Computational lexicology

Computational lexicology is a branch of computational linguistics , which is concerned with the use of computers in the study of lexicon . It has been more narrowly described by some scholars (Amsler, 1980) as the use of computers in the study of machine-readable dictionaries . It is distinguished from computational lexicography , which more properly would be the use of computers in the construction of dictionaries, but some researchers have used computational lexicography as synonymous .

History

Computational lexicology emerged as a separate discipline within the context of computer-readable dictionaries, starting with the creation of the machine-readable tapes of the Merriam-Webster Seventh Collegiate Dictionary and the Merriam-Webster New Pocket Dictionary in the 1960s by John Olney et al. at System Development Corporation . Today, computational lexicology is best known through the creation and applications of WordNet. Computational lexicology has been applied in the field of computer science. In 1987, among others, Byrd, Calzolari, and Chodorow have developed computational tools for text analysis. In particular the model is designed for coordinating the associations involving the senses of polysemous words. [1]

Study of lexicon

Computational lexicology has contributed to the understanding of the content and limitations of the computational application (ie it has been clarified that the preceding work is not sufficient for the needs of computational linguistics). Through the work of computational lexicologists

  1. what constitutes a headword – used to generate spelling correction lists;
  2. what variants and inflections the headword forms – used to empirically understand morphology;
  3. how the headword is delimited into syllables;
  4. how the headword is pronounced – used in speech generation systems;
  5. the parts of speech the headword takes on – used for POS taggers;
  6. any special subject or use codes assigned to the headword – used to identify text document subject matter;
  7. the headword’s definitions and their syntax – disambiguation of word in context;
  8. the etymology of the headword and its use to characterize vocabulary by languages ​​of origin – used to characterize text vocabulary
  9. the example sentences;
  10. the run-ons (additional words and multi-word expressions that are formed from the headword); and
  11. related words such as synonyms and antonyms .

Many computational linguists have been disenchanted with the literature as a resource for computational linguistics because they lacked sufficient syntactic and semantic information for computer programs. The work on computational lexicology quickly led to efforts in two additional directions.

Successors to Computational Lexicology

First, collaborative activities between computational linguists and lexicographers led to an understanding of the role that corpora played in creating dictionaries. Most computational lexicologists moved on to a large body of data that had been used to create dictionaries. The ACL / DCI (Data Collection Initiative) and the Linguistic Data Consortium (LDC ) went down this path. The advent of the language of the world could be more easily analyzed to create computational linguistic systems. Part-of-speech tagged corpora and semantically tagged corpora were created in order to test and develop POS taggers and word semantic disambiguation technology.

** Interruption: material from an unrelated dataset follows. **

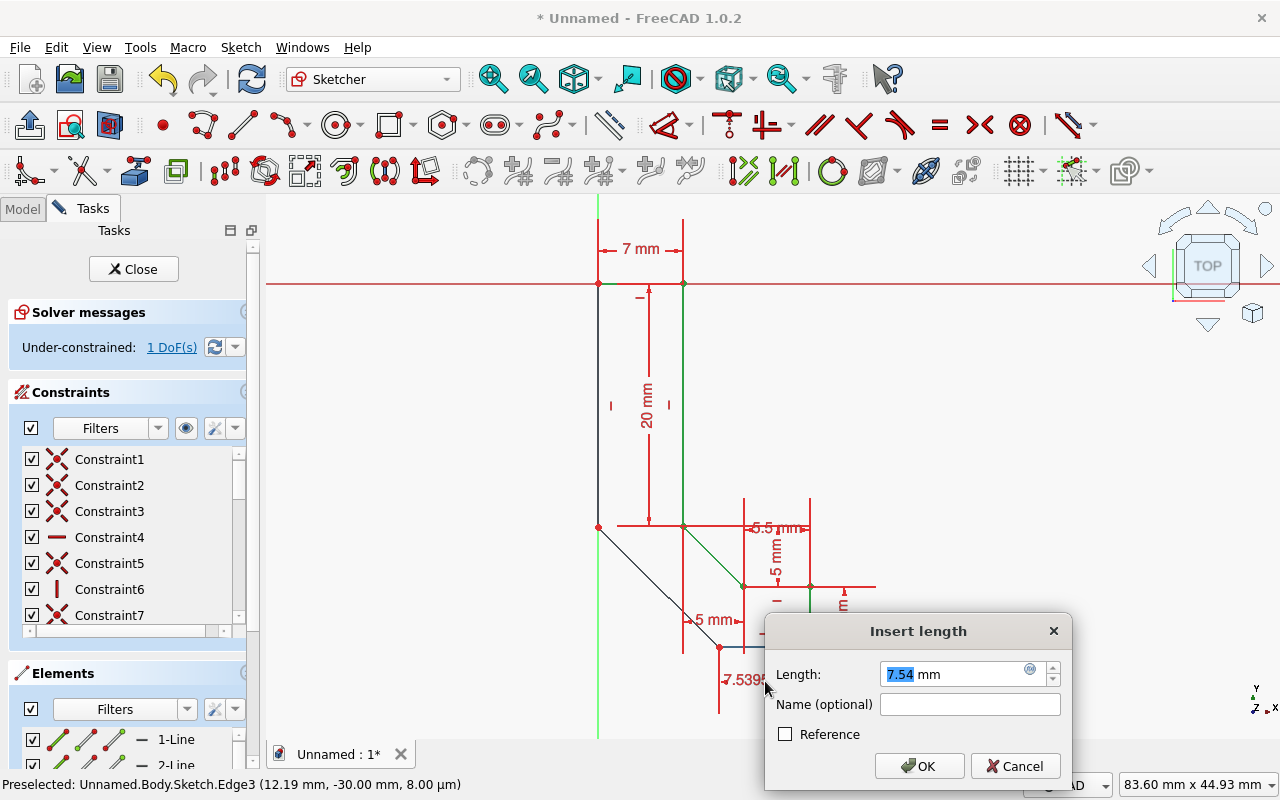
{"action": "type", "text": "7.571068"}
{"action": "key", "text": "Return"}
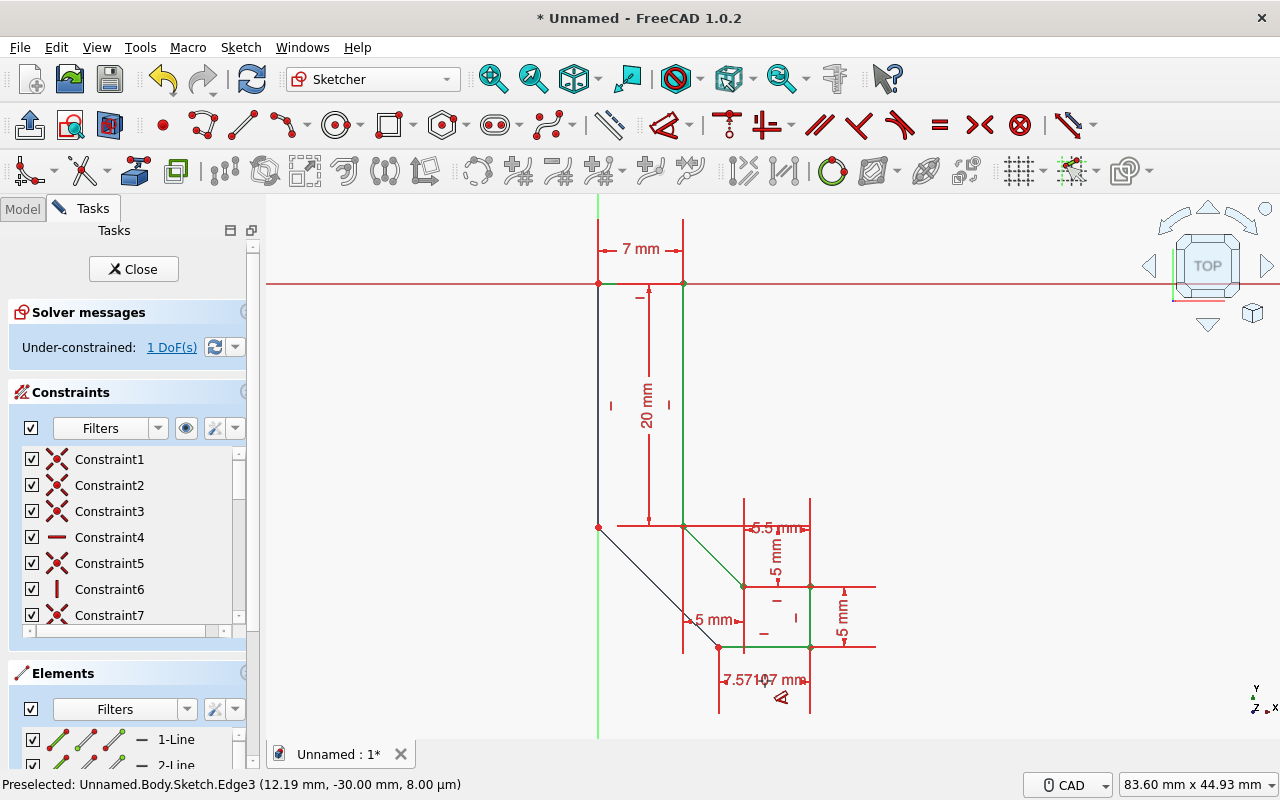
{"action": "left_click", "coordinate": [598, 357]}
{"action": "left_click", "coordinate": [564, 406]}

The second direction was towards the creation of Lexical Knowledge Bases (LKBs). A Lexical Knowledge Base is intended for computational linguistic purposes, especially for computational lexical semantic purposes. It was the same, but totally explained to the meanings of the words and the appropriate links between senses. Many began creating the resources they wished to have, if they had been created for use in computational analysis. WordNetCan be considered to be such a development, as can be the newer efforts at describing syntactic and semantic information such as the FrameNet work of Fillmore. Outside of computational linguistics, the ontology of artificial intelligence can be seen as an evolutionary effort to build a lexical knowledge base for AI applications.

Standardization

Optimizing the production, maintenance and extension of computational lexicons is one of the crucial aspects impacting NLP . The main problem is the interoperability : various lexicons are frequently incompatible. The most frequent situation is: how to merge two lexicons, or fragments of lexicons? NLP programs or applications is a NLP program.

To this respect, the various data models of Computational lexicons are studied by ISO / TC37 since 2003 within the framework of the standard lexical markup framework leading to an ISO standard in 2008.

References

  1. Jump up^ Byrd, Roy J., Nicoletta Calzolari, Martin S. Chodorow, Judith L. Klavans, Mary S. Neff, and Omneya A. Rizk. “Tools and methods for computational lexicology.” Computational Linguistics13, no. 3-4 (1987): 219-240.